As a mother of a teenager, you probably know this: no matter what you say, none of it seems to get through to your offspring. You get monosyllabic answers, bored facial expressions, annoyed eye rolls – if anything. Maybe you already have the feeling that you are air. Namely this stuffy kind of air that everyone avoids.

The good news: If your teen isn’t listening to you properly, it’s not necessarily your conversational style, it’s not your fault. But it has to do with changes in the brain.

The brain devalues ​​the mother’s voice

From the age of 13, the brain no longer judges the mother’s voice as particularly rewarding – and attaches less importance to it. Scientists at the Stanford School of Medicine found this out.

In your study they compared the brain scans of children up to 12 years old with those of 13 to 16 year olds. The result was clear and should allow many mothers to breathe a sigh of relief because it explains their subjective feelings. (Fathers are not included in this study.)

While the mother’s voice still triggers reactions in the reward center in children’s brains, the teenage brain attaches greater importance to unfamiliar voices.The scientists let mothers speak nonsense words, i.e. tell nonsense, and then strangers.

The teenage brain was more interested in the nonsense the alien voices were telling. Teenage brain reward circuits and the centers that prioritize important stimuli are more activated by unfamiliar stimuli than by the mothers.

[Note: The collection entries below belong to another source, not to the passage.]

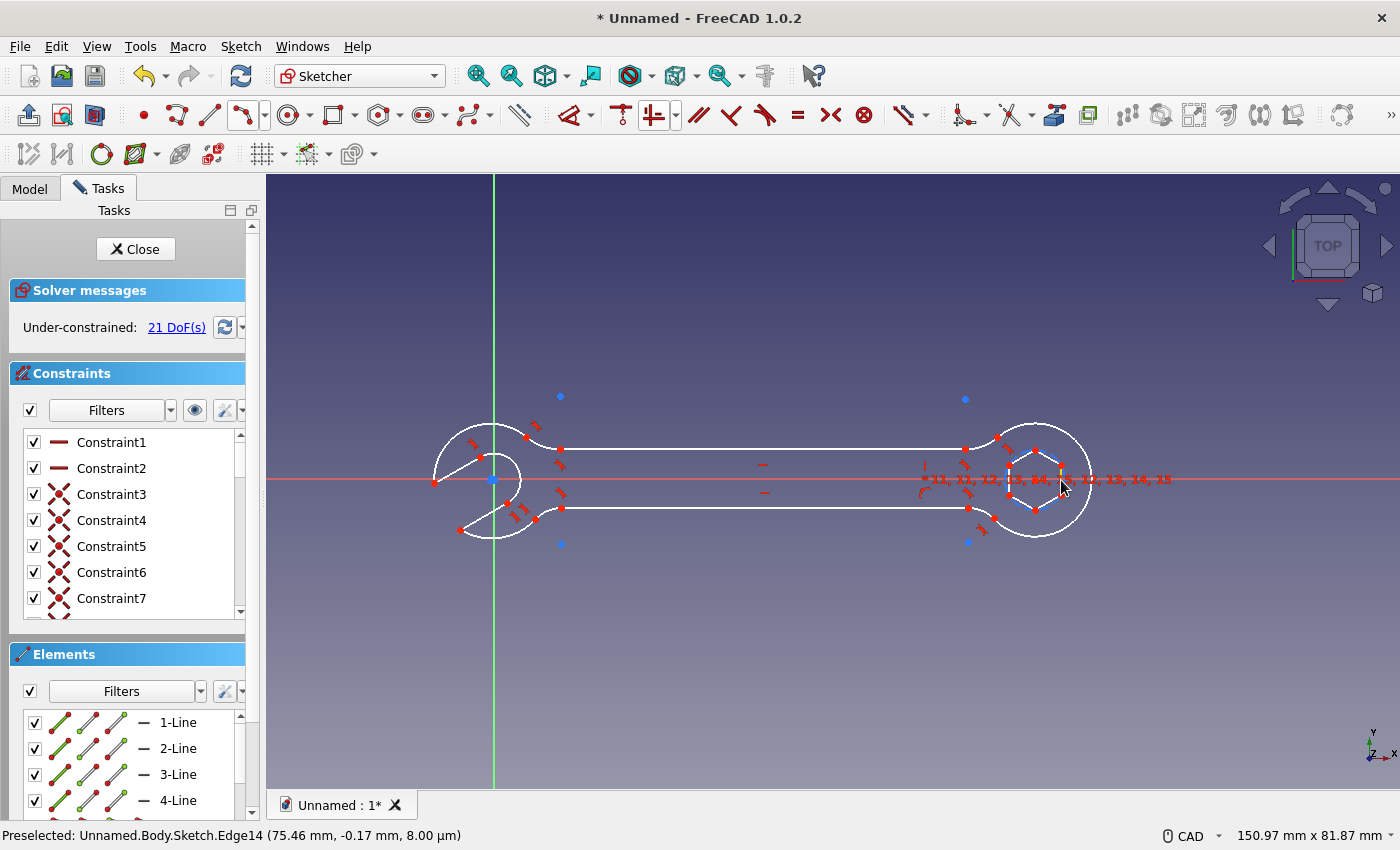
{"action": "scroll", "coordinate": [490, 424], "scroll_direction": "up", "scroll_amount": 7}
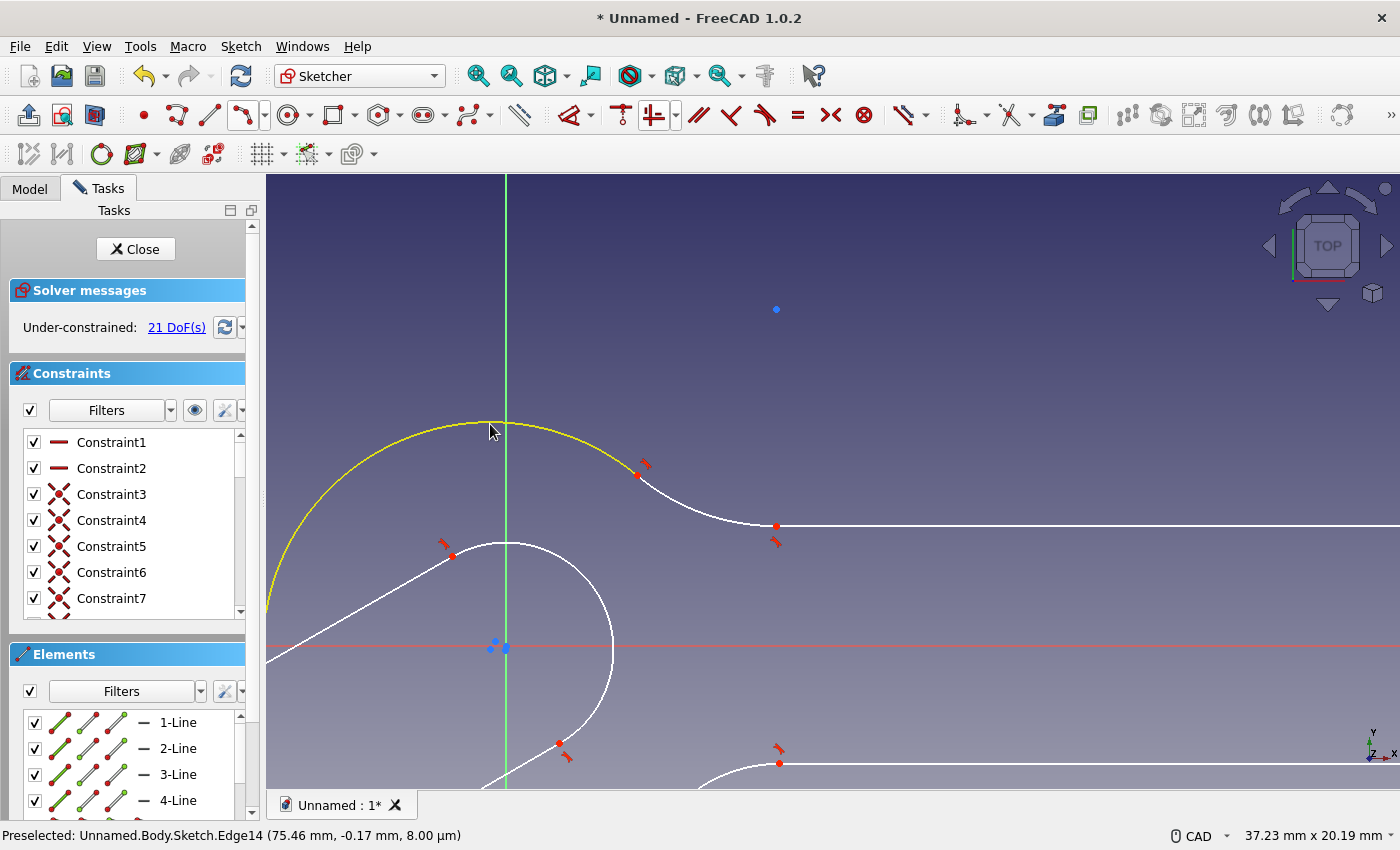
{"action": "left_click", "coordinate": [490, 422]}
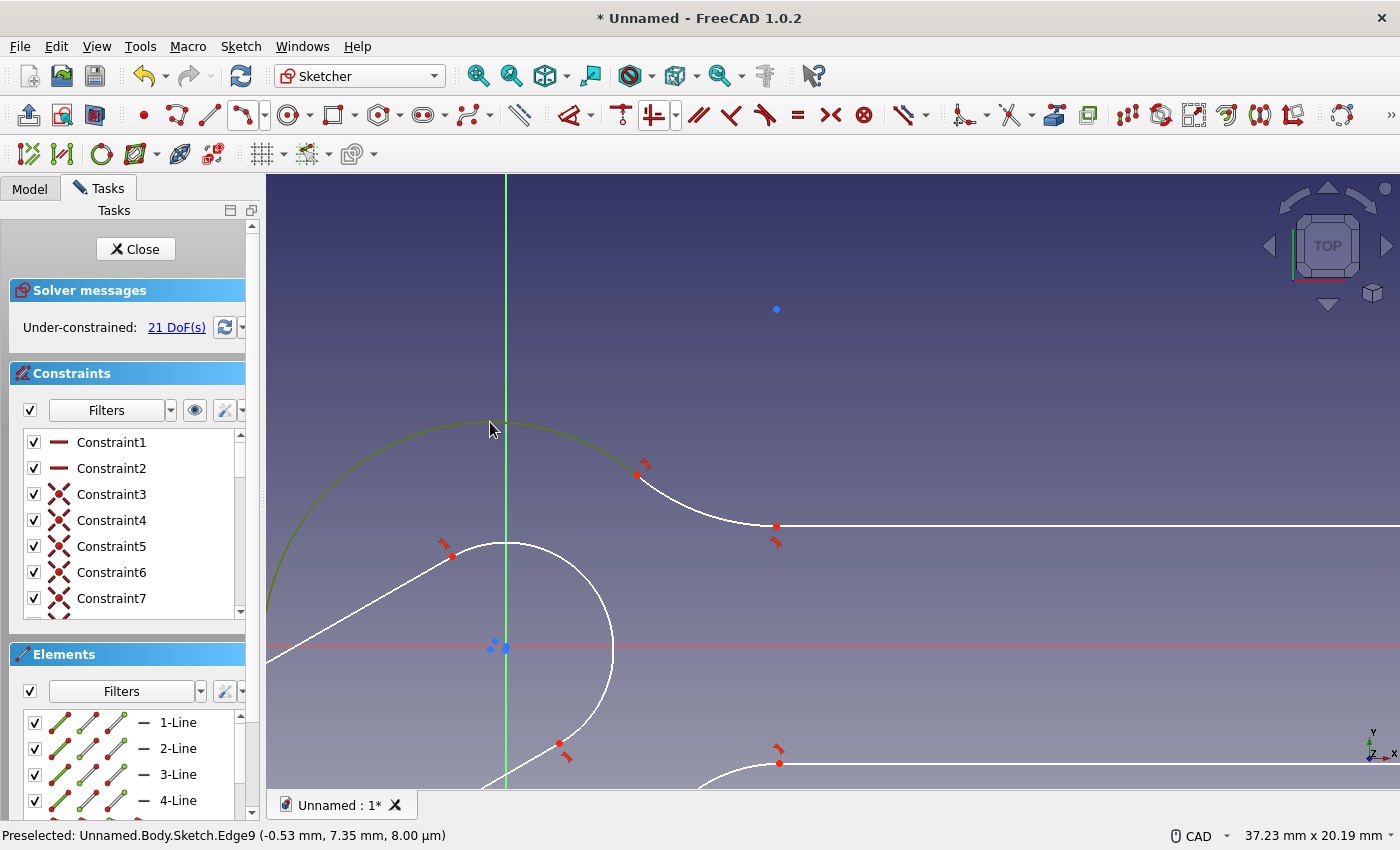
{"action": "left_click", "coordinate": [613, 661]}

It is only a study with a small number of 46 participants. Nevertheless, the trend that it reveals is exciting. After all, the neurobiologists were able to read the age of the participants solely from the brain scans and the reactions to the mother’s voice.

The brain helps teens leave the nest

“Just as an infant adjusts to the voice of its mother, adolescents know how to adapt to new voices,” says study leader Daniel Abrams. “Your mind becomes increasingly sensitive to and drawn to unfamiliar voices.”

From a biological point of view, this makes sense in order to break away from the parental home and build up your own social contacts. The brain prepares youngsters to leave the nest.

“If teenagers seem to rebel at not listening to their parents, it’s because they’re predisposed to pay more attention to voices outside the home.”says co-author Vinod Menon.

In short, teenagers stop listening to their mothers by the age of 13. This is not to be taken personally and is what nature intended. Well, lucky. The more frustrating side of it: since it’s for neurobiological reasons, listening isn’t necessarily going to improve any time soon. So it only helps to stay focused and persevere despite everything.